╭──

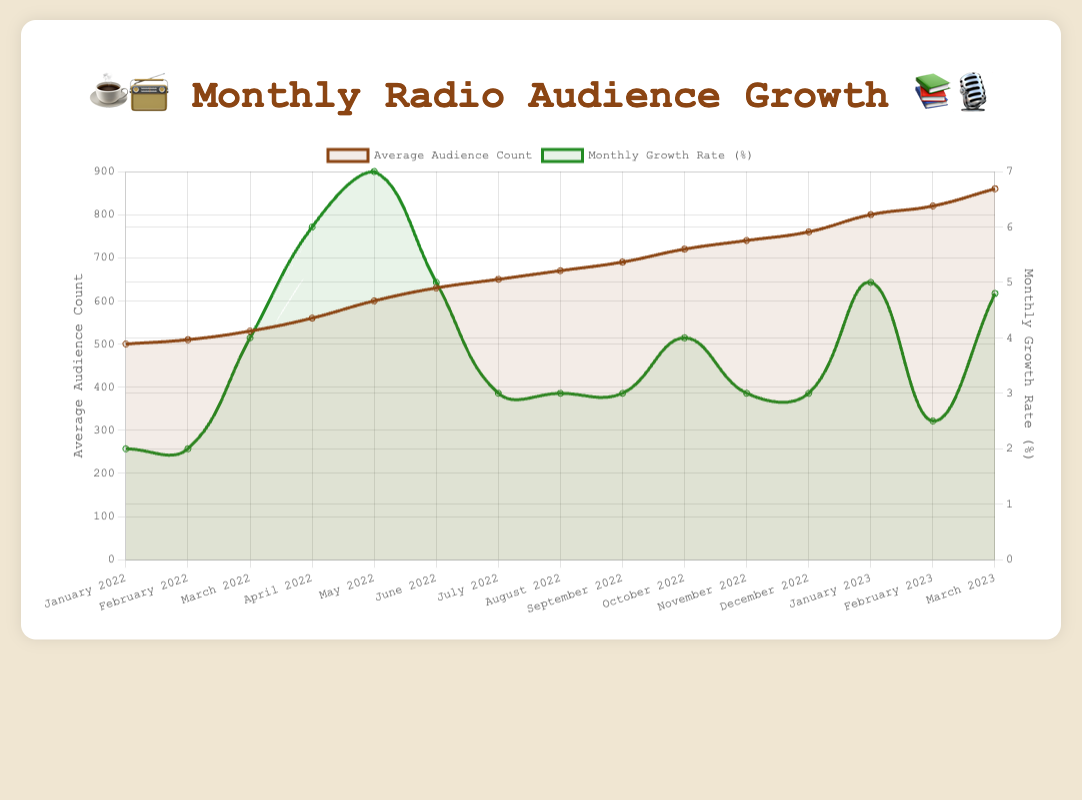What's the highest average audience count observed in the figure? The figure shows the average audience count for each month, and the highest point on the 'Average Audience Count' line represents the peak audience. The highest observed value is in March 2023 with an audience count of 860.
Answer: 860 Which month had the highest monthly growth rate in 2022? By examining the 'Monthly Growth Rate' line for 2022, we see that the highest point occurred in May with a growth rate of 7%.
Answer: May Compare the average audience counts of February 2022 and February 2023. Which is higher and by how much? February 2022 had an average audience count of 510, and February 2023 had an audience count of 820. The difference is 820 - 510 = 310. Thus, February 2023's audience count is higher by 310.
Answer: February 2023, higher by 310 What is the average monthly growth rate for 2022? To find the average growth rate for 2022, add up the monthly growth rates: 2 + 2 + 4 + 6 + 7 + 5 + 3 + 3 + 3 + 4 + 3 + 3 = 45. There are 12 months, so the average growth rate is 45 / 12 = 3.75%.
Answer: 3.75% Was there any month in 2023 with a lower monthly growth rate than the highest growth rate in 2022? The highest growth rate in 2022 was 7% (May). In 2023, the growth rates were 5% (January), 2.5% (February), and 4.8% (March). All these values are lower than 7%.
Answer: Yes What trend can you observe in the average audience count from January 2022 to March 2023? The line plot for 'Average Audience Count' shows a generally increasing trend from January 2022 (500) to March 2023 (860), with steady growth and no significant declines.
Answer: Increasing During which month(s) did the monthly growth rate first reach 4% and 6% in 2022? First, identify the 'Monthly Growth Rate' line for each month in 2022. It reached 4% in March and 6% in April.
Answer: March and April Which month had the highest average audience count in 2022 and what was the count? Observing the 'Average Audience Count' line for 2022, the highest point is in December with an audience count of 760.
Answer: December, 760 How much did the average audience count increase from January 2022 to January 2023? The average audience count in January 2022 was 500. In January 2023, it was 800. The increase is 800 - 500 = 300.
Answer: 300 In 2022, which author event had the smallest average audience count, and what was the count? The smallest average audience count in 2022 is observed in January with "Biographies" having an audience count of 500.
Answer: Biographies , 500 
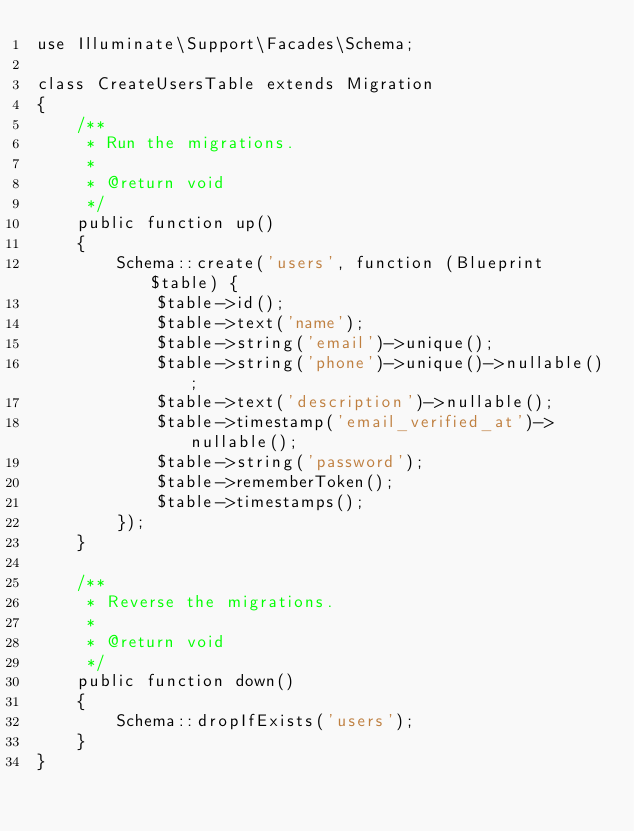<code> <loc_0><loc_0><loc_500><loc_500><_PHP_>use Illuminate\Support\Facades\Schema;

class CreateUsersTable extends Migration
{
    /**
     * Run the migrations.
     *
     * @return void
     */
    public function up()
    {
        Schema::create('users', function (Blueprint $table) {
            $table->id();
            $table->text('name');
            $table->string('email')->unique();
            $table->string('phone')->unique()->nullable();
            $table->text('description')->nullable();
            $table->timestamp('email_verified_at')->nullable();
            $table->string('password');
            $table->rememberToken();
            $table->timestamps();
        });
    }

    /**
     * Reverse the migrations.
     *
     * @return void
     */
    public function down()
    {
        Schema::dropIfExists('users');
    }
}
</code> 
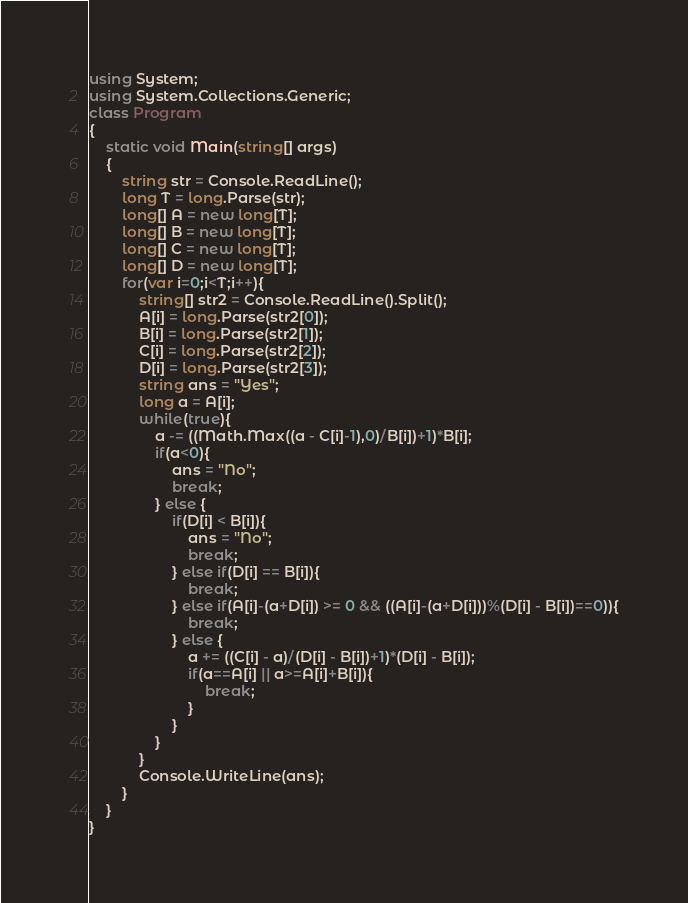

╰──

WORK ITEM — Could you restate exactly the lines from the line containing "Answer: Yes What" through the end of the listing, both ends included and nothing else, leaving the images out?

TASK RESPONSE —
Answer: Yes What trend can you observe in the average audience count from January 2022 to March 2023? The line plot for 'Average Audience Count' shows a generally increasing trend from January 2022 (500) to March 2023 (860), with steady growth and no significant declines.
Answer: Increasing During which month(s) did the monthly growth rate first reach 4% and 6% in 2022? First, identify the 'Monthly Growth Rate' line for each month in 2022. It reached 4% in March and 6% in April.
Answer: March and April Which month had the highest average audience count in 2022 and what was the count? Observing the 'Average Audience Count' line for 2022, the highest point is in December with an audience count of 760.
Answer: December, 760 How much did the average audience count increase from January 2022 to January 2023? The average audience count in January 2022 was 500. In January 2023, it was 800. The increase is 800 - 500 = 300.
Answer: 300 In 2022, which author event had the smallest average audience count, and what was the count? The smallest average audience count in 2022 is observed in January with "Biographies" having an audience count of 500.
Answer: Biographies , 500 
<code> <loc_0><loc_0><loc_500><loc_500><_PHP_>use Illuminate\Support\Facades\Schema;

class CreateUsersTable extends Migration
{
    /**
     * Run the migrations.
     *
     * @return void
     */
    public function up()
    {
        Schema::create('users', function (Blueprint $table) {
            $table->id();
            $table->text('name');
            $table->string('email')->unique();
            $table->string('phone')->unique()->nullable();
            $table->text('description')->nullable();
            $table->timestamp('email_verified_at')->nullable();
            $table->string('password');
            $table->rememberToken();
            $table->timestamps();
        });
    }

    /**
     * Reverse the migrations.
     *
     * @return void
     */
    public function down()
    {
        Schema::dropIfExists('users');
    }
}
</code> 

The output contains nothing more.